A farmácia não abriria, pois que o senhor Ladislau era um cató-lico piedoso e também bastante devoto de N. Senhora. Ele não per-dia por nada a grande festa de todos os anos seguida da missa con-ventual.
Todos os devotos contribuíam, comprando o convite para o almoço beneficente, e os festejos estender-se-iam até a noite, após a celebração da missa.
Todos já apostos para o almoço, Beatriche estava divina, dentro de um vestido longo, todo justo, agarrado, de uma malha fria de cor azul-turquesa, que lhe realçava mais a tez branca e os olhos azuis. Os cabelos soltos e levemente cacheados, davam-lhe a impressão de uma Madona de Rafael.
Por sua vez o senhor Ladislau não tinha olhos para nada, que não fossem na menina Beatriche. Esta, irrequieta, “quicava” aqui e acolá, acudindo a todos, satisfeita pelos bons resultados da festança.
O salão paroquial tão grande, agora mostrava-se pequeno, em face a compacta multidão que lá aguardava o almoço.
Tudo ocorreu dentro do planejado e, já no finalzinho da tarde, algum tempo antes da solene missa que consagraria o festivo evento, formavam-se grupos isolados de fiéis, que conversavam animados, antegozando merecidamente os prazeres da fraternidade.

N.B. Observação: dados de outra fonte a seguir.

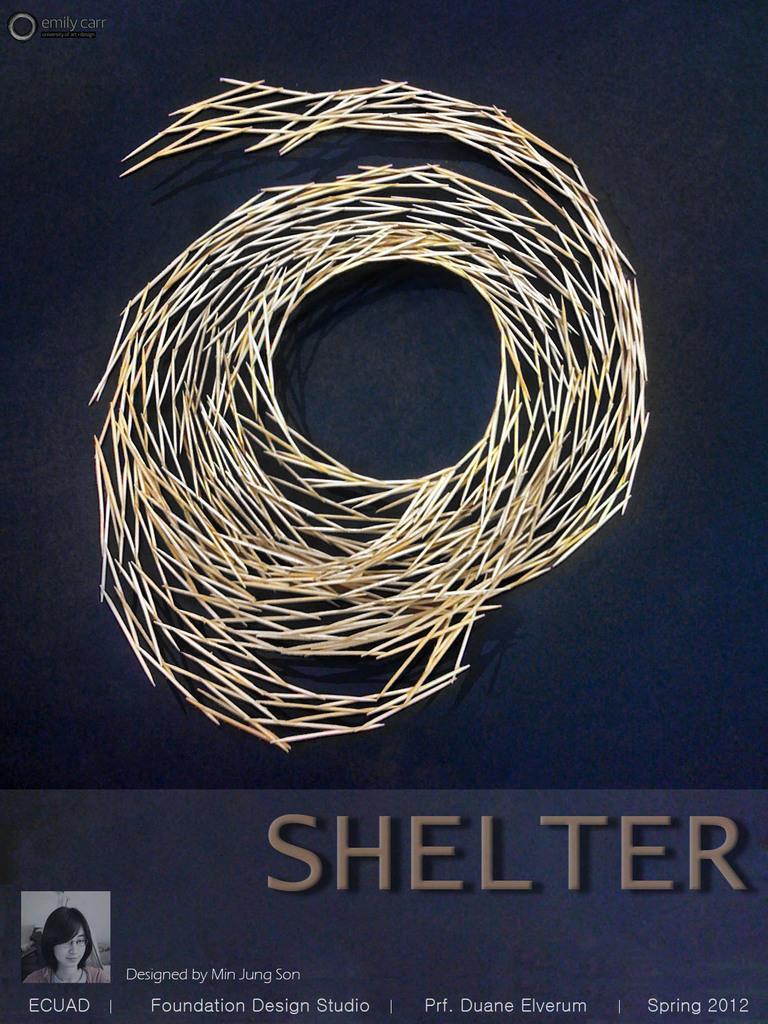Could you give a brief overview of what you see in this image? In this picture I can observe a symbol which is made up of toothpicks. The symbol is in cream color. The background is in black color. On the bottom of the picture I can observe some text.

Em uma das mesas Beatriche ficará só, pensativa por uns instantes, e notando o senhor Ladislau ao longe, que meditativo e com um cigarro nas mãos, caminhava por entre as árvores de uma das alamedas, foi ter com ele. Alcançando-o caminharam juntos percebendo-se em um íntimo e acolhedor ambiente. Tocando-se pelos ombros, Ladislau sentiu o hálito doce da moça tão próximo que, não hesitando, beijo-a sofregamente e com frenesim. Não contestado, abraçou-a tão desejoso e apaixonado que, entre sussurros demorou-se mais ainda em beijos seguidos. Em num misto de indagações e deleite, Beatriche quisera morrer naquele instante, contudo só sabia que também queria beija-lo e beija-lo. E entre sussurros e hálitos, sem pruridos de consciência, sem culpa, sem medo, num in extremis, abandonaram-se na lenda pessoal, que por excelência, cumpre fatalmente os capítulos do destino imposto pela Providência dos Céus.